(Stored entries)
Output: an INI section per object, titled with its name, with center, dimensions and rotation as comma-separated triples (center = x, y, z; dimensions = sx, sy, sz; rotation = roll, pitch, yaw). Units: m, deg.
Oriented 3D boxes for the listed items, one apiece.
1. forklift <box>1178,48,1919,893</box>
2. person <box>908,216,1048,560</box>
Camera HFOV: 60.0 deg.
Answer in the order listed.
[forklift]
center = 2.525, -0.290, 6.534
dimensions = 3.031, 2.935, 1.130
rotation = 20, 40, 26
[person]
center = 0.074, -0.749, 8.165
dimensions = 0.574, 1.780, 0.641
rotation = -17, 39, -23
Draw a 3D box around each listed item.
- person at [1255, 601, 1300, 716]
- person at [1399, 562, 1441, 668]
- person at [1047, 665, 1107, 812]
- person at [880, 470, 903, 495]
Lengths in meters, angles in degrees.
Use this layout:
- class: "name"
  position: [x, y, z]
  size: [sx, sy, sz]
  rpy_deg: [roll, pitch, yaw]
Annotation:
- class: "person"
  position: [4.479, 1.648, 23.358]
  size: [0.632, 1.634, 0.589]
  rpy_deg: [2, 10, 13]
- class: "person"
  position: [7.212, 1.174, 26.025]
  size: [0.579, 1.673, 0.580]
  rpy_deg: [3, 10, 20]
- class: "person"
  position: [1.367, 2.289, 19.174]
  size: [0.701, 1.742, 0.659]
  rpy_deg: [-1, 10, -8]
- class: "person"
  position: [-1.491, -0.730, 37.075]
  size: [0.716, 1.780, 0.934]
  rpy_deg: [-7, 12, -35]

▸ **ASSIGNMENT**: Restate the records word for word, leaving nothing out.

▸ **EXERCISE ANSWER**:
Output: an INI section per object, titled with its name, with center, dimensions and rotation as comma-separated triples (center = x, y, z; dimensions = sx, sy, sz; rotation = roll, pitch, yaw). Units: m, deg.
Oriented 3D boxes for the listed items, one apiece.
1. forklift <box>1178,48,1919,893</box>
2. person <box>908,216,1048,560</box>
Camera HFOV: 60.0 deg.
Answer in the order listed.
[forklift]
center = 2.525, -0.290, 6.534
dimensions = 3.031, 2.935, 1.130
rotation = 20, 40, 26
[person]
center = 0.074, -0.749, 8.165
dimensions = 0.574, 1.780, 0.641
rotation = -17, 39, -23
Draw a 3D box around each listed item.
- person at [1255, 601, 1300, 716]
- person at [1399, 562, 1441, 668]
- person at [1047, 665, 1107, 812]
- person at [880, 470, 903, 495]
Lengths in meters, angles in degrees.
Use this layout:
- class: "name"
  position: [x, y, z]
  size: [sx, sy, sz]
  rpy_deg: [roll, pitch, yaw]
Annotation:
- class: "person"
  position: [4.479, 1.648, 23.358]
  size: [0.632, 1.634, 0.589]
  rpy_deg: [2, 10, 13]
- class: "person"
  position: [7.212, 1.174, 26.025]
  size: [0.579, 1.673, 0.580]
  rpy_deg: [3, 10, 20]
- class: "person"
  position: [1.367, 2.289, 19.174]
  size: [0.701, 1.742, 0.659]
  rpy_deg: [-1, 10, -8]
- class: "person"
  position: [-1.491, -0.730, 37.075]
  size: [0.716, 1.780, 0.934]
  rpy_deg: [-7, 12, -35]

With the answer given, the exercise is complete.